*Source material:*
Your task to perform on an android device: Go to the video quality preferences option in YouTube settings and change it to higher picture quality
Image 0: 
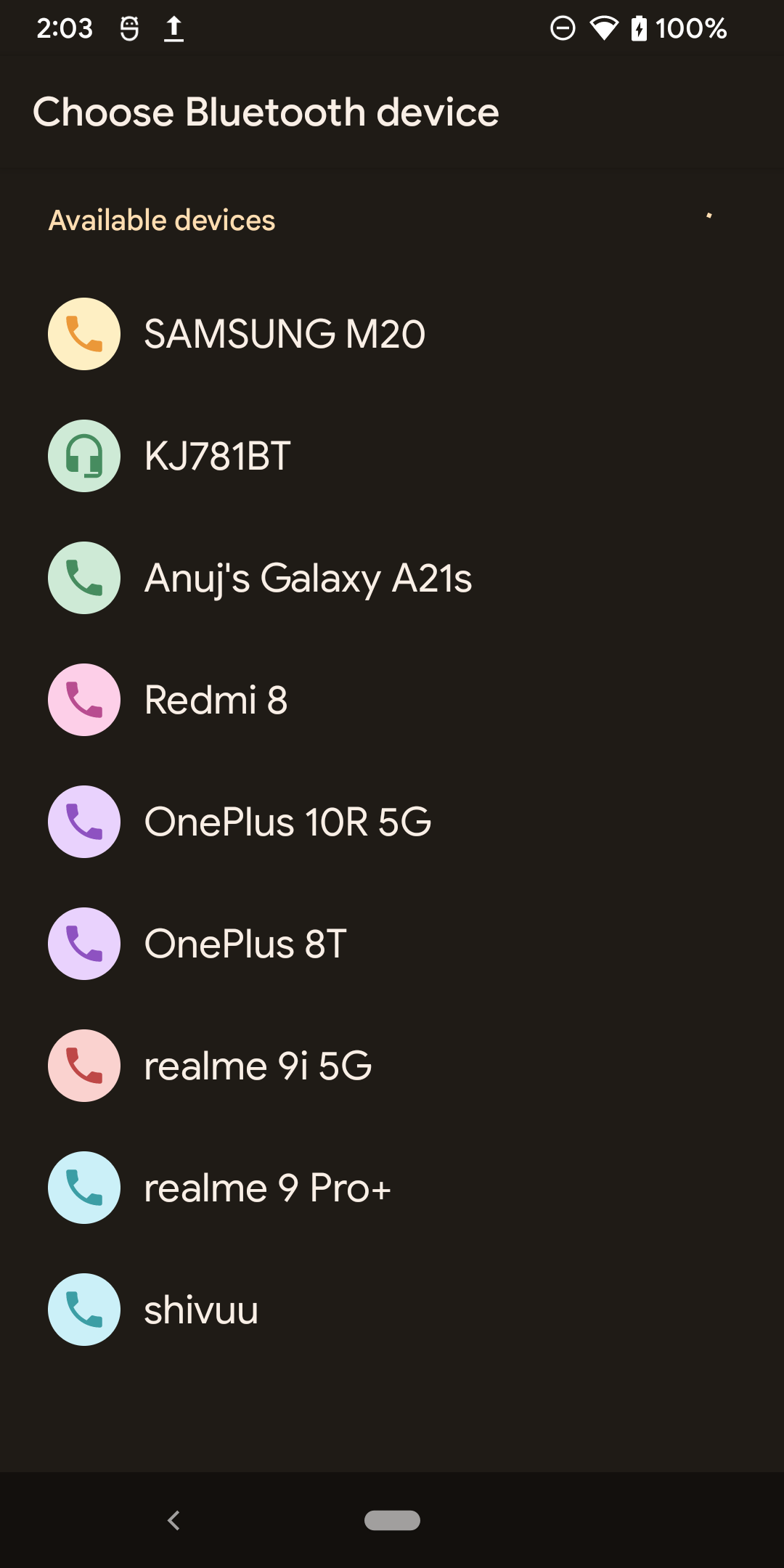
go back to previous page
Step 0: press back button
Image 1: 
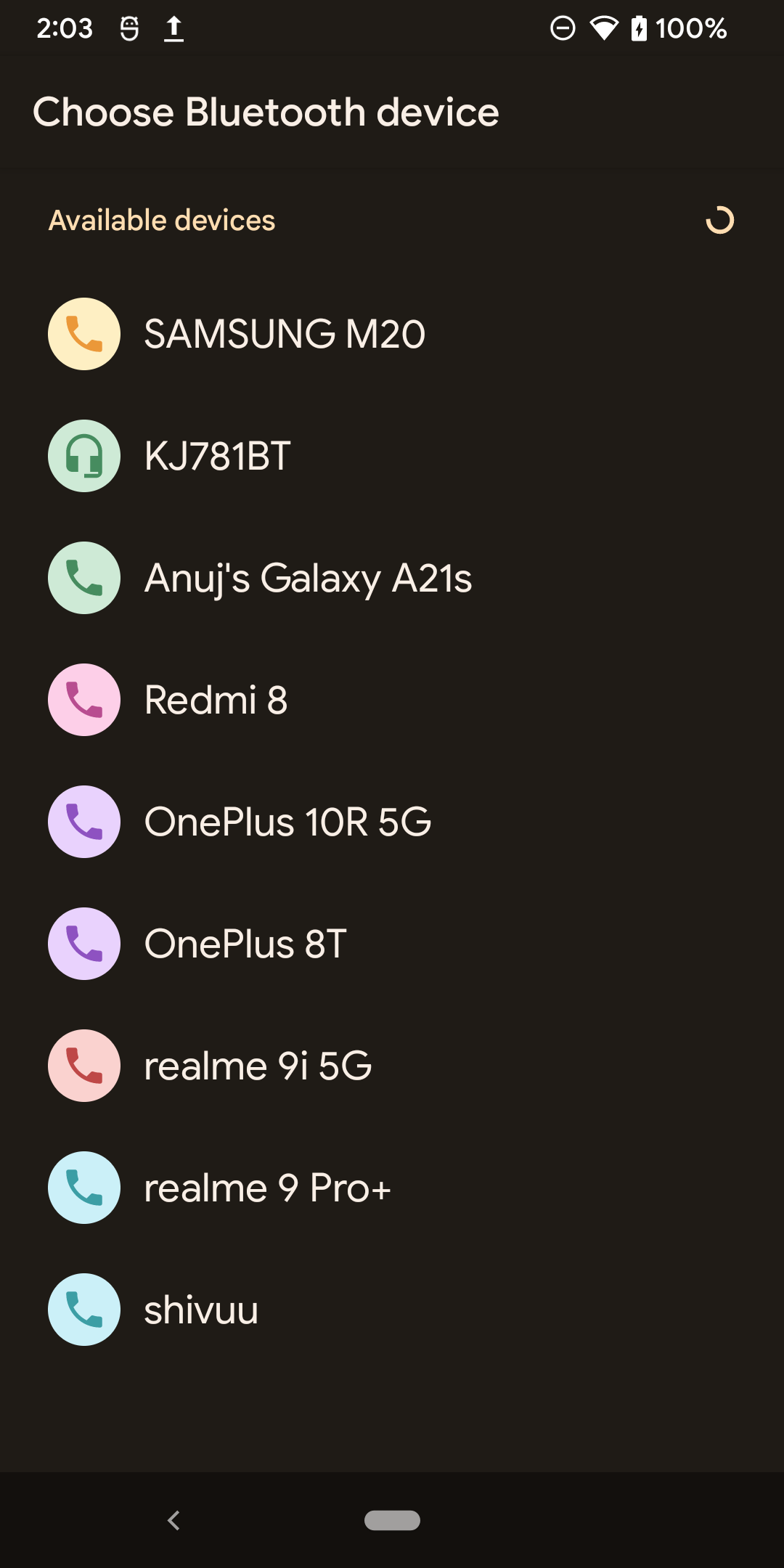
go back to previous page
Step 1: press back button
Image 2: 
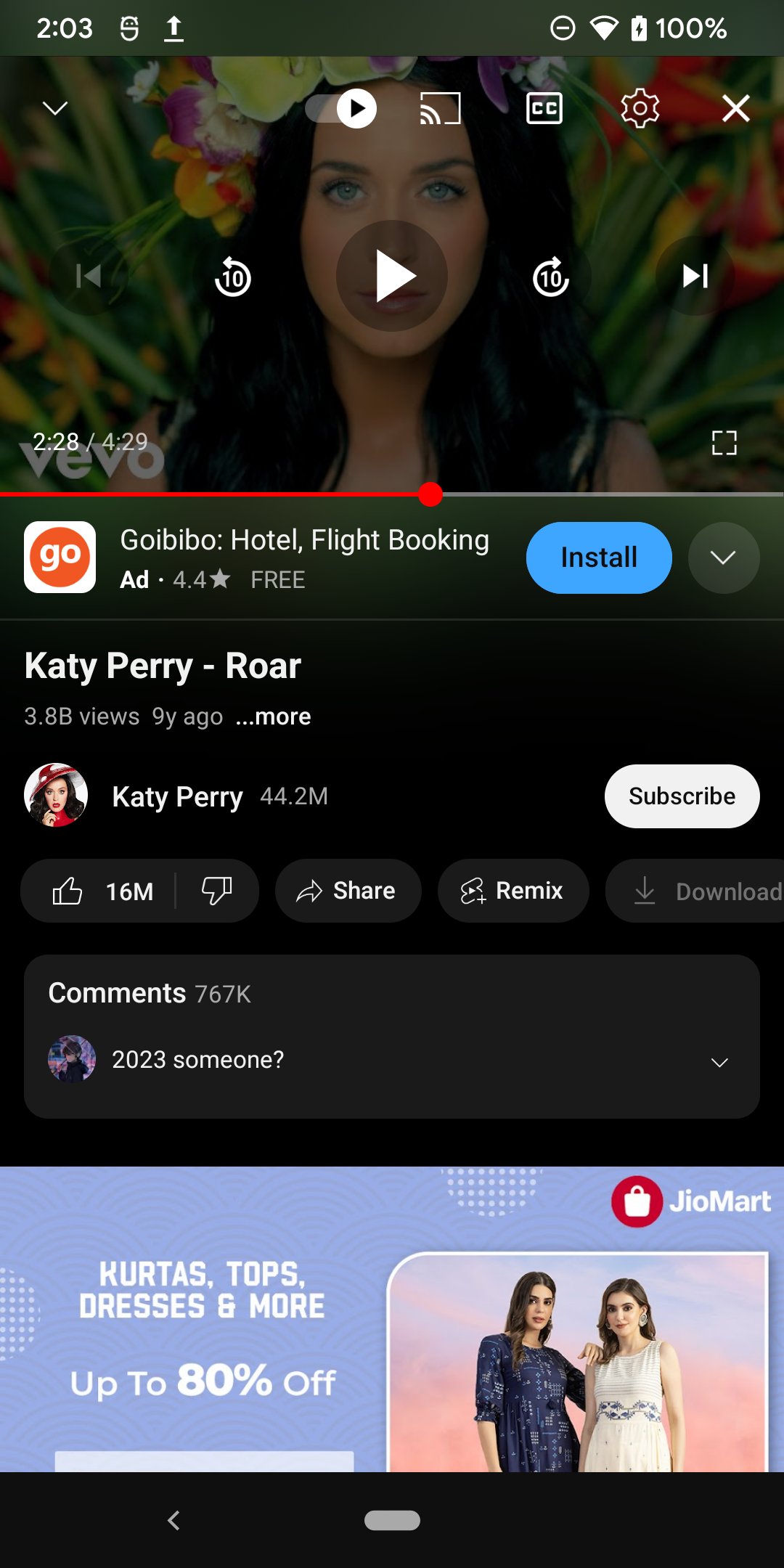
go back to previous page
Step 2: press back button
Image 3: 
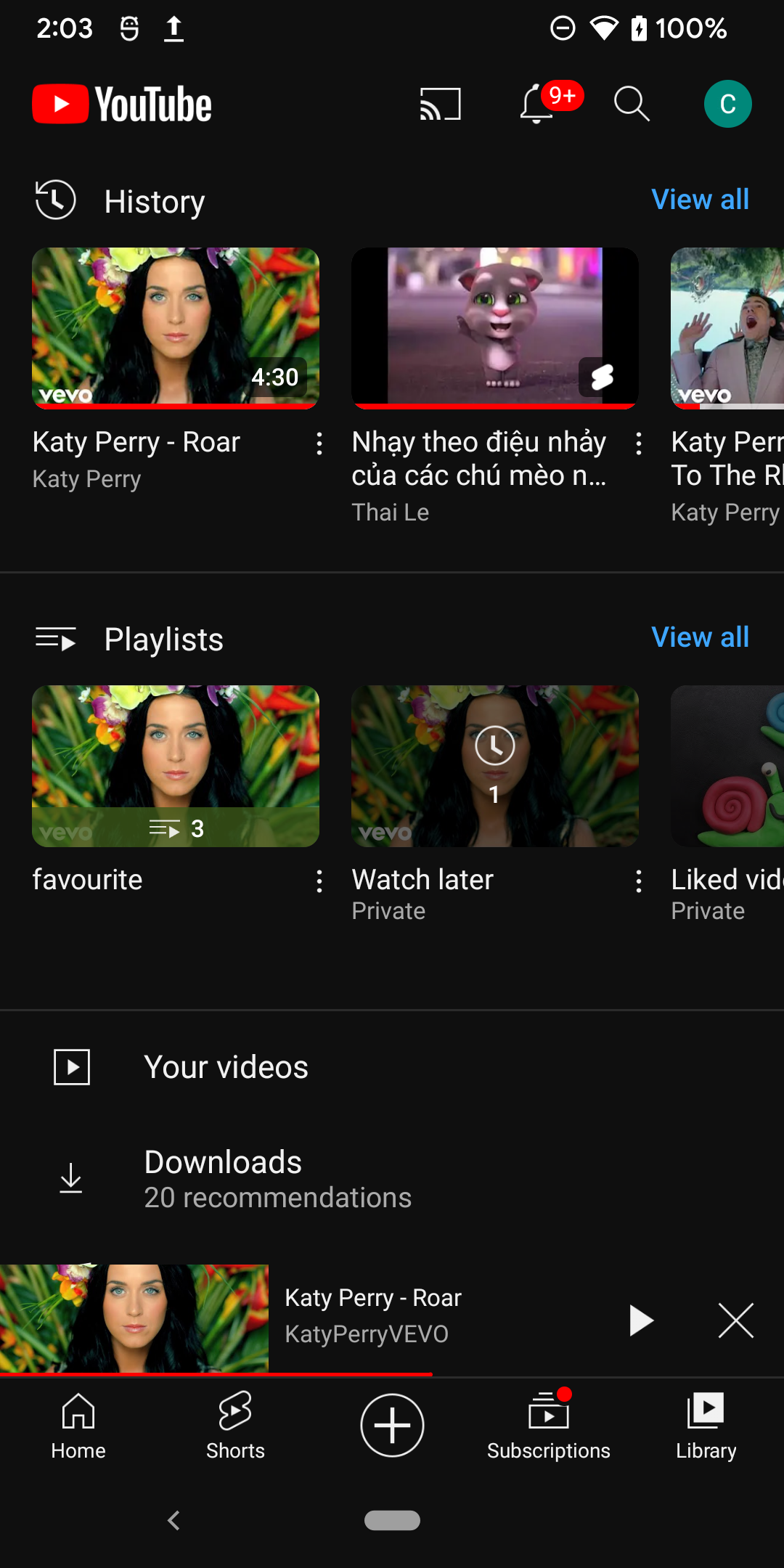
click on the profile picture at the top right corner of the screen
Step 3: click (727, 103)
Image 4: 
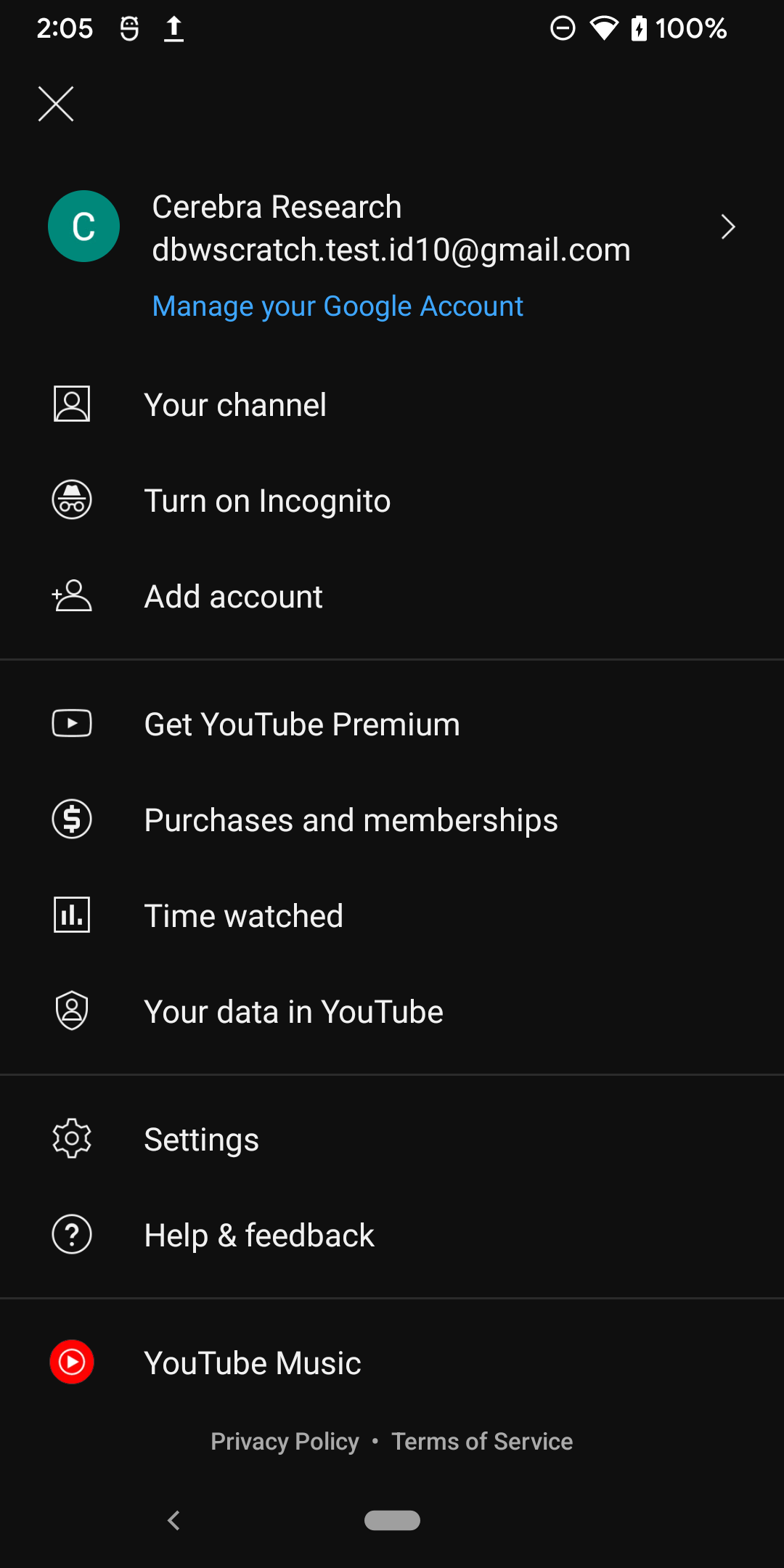
Go to the setting option 
Step 4: click (447, 1138)
Image 5: 
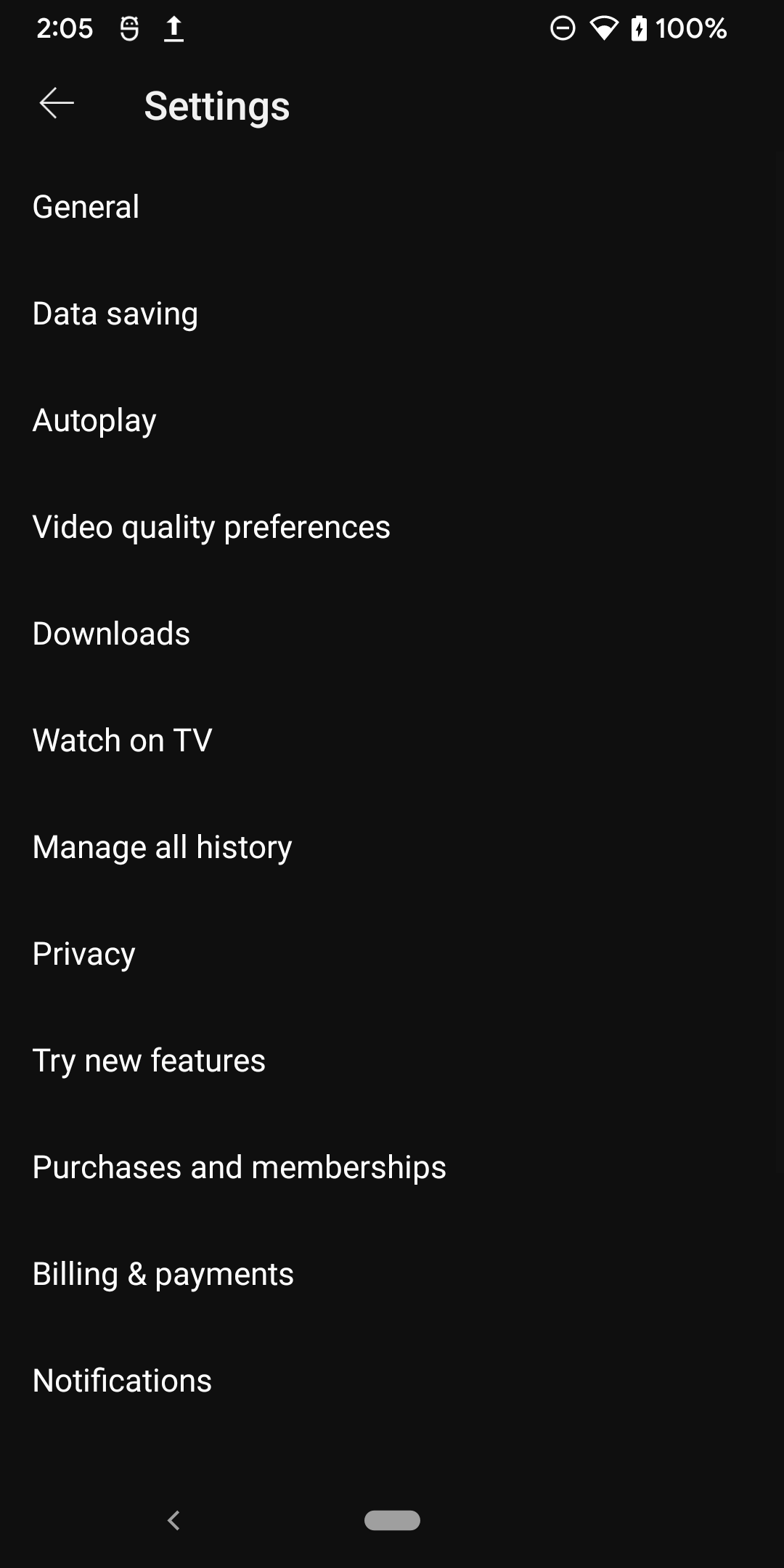
open the video quality preferences option
Step 5: click (211, 525)
Image 6: 
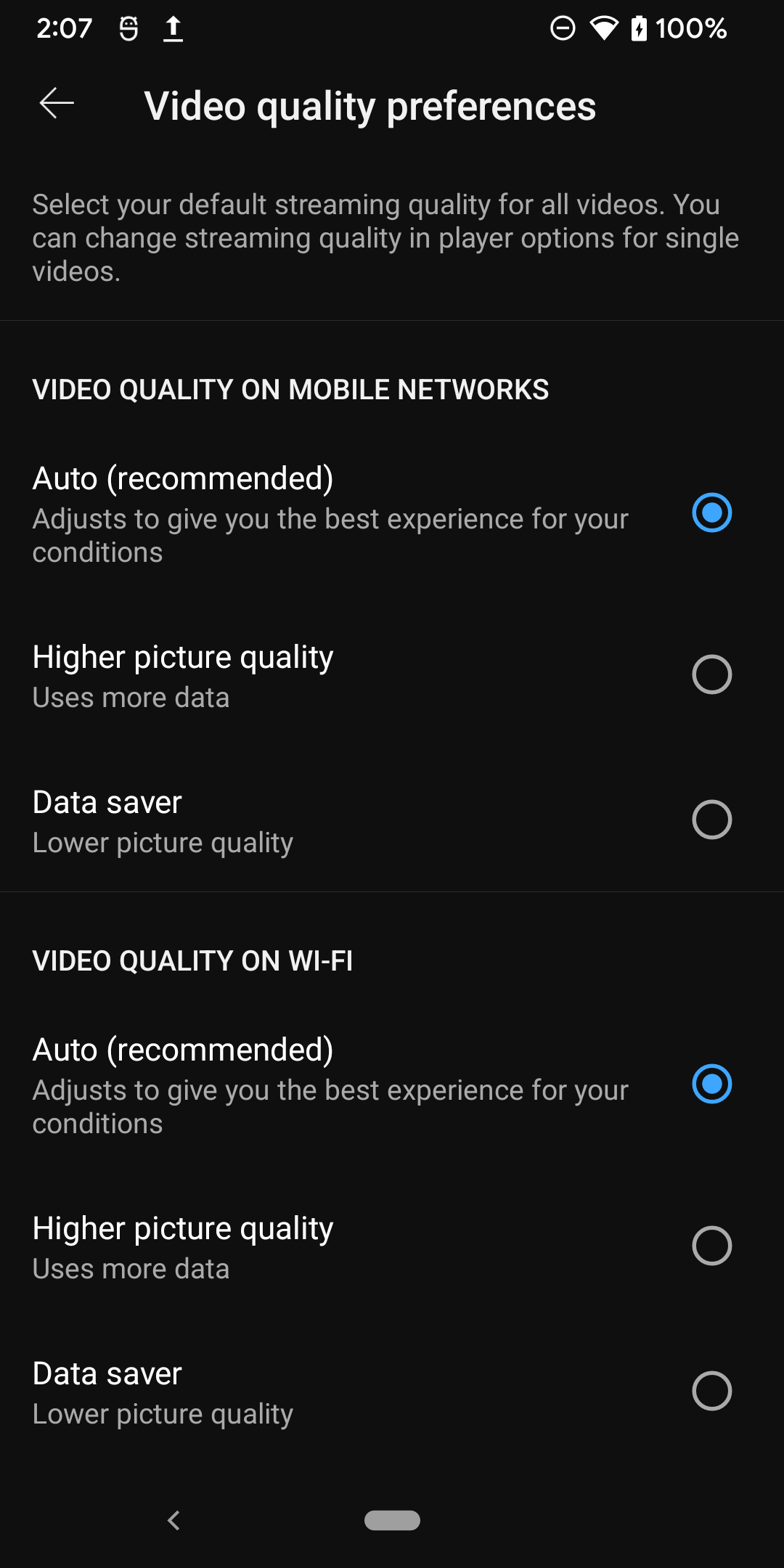
select Higher picture quality option
Step 6: click (695, 674)

*Problem description:* Output each record precisely as it appears, and drop every picture.

*Response box:*
Your task to perform on an android device: Go to the video quality preferences option in YouTube settings and change it to higher picture quality
Image 0: 
go back to previous page
Step 0: press back button
Image 1: 
go back to previous page
Step 1: press back button
Image 2: 
go back to previous page
Step 2: press back button
Image 3: 
click on the profile picture at the top right corner of the screen
Step 3: click (727, 103)
Image 4: 
Go to the setting option 
Step 4: click (447, 1138)
Image 5: 
open the video quality preferences option
Step 5: click (211, 525)
Image 6: 
select Higher picture quality option
Step 6: click (695, 674)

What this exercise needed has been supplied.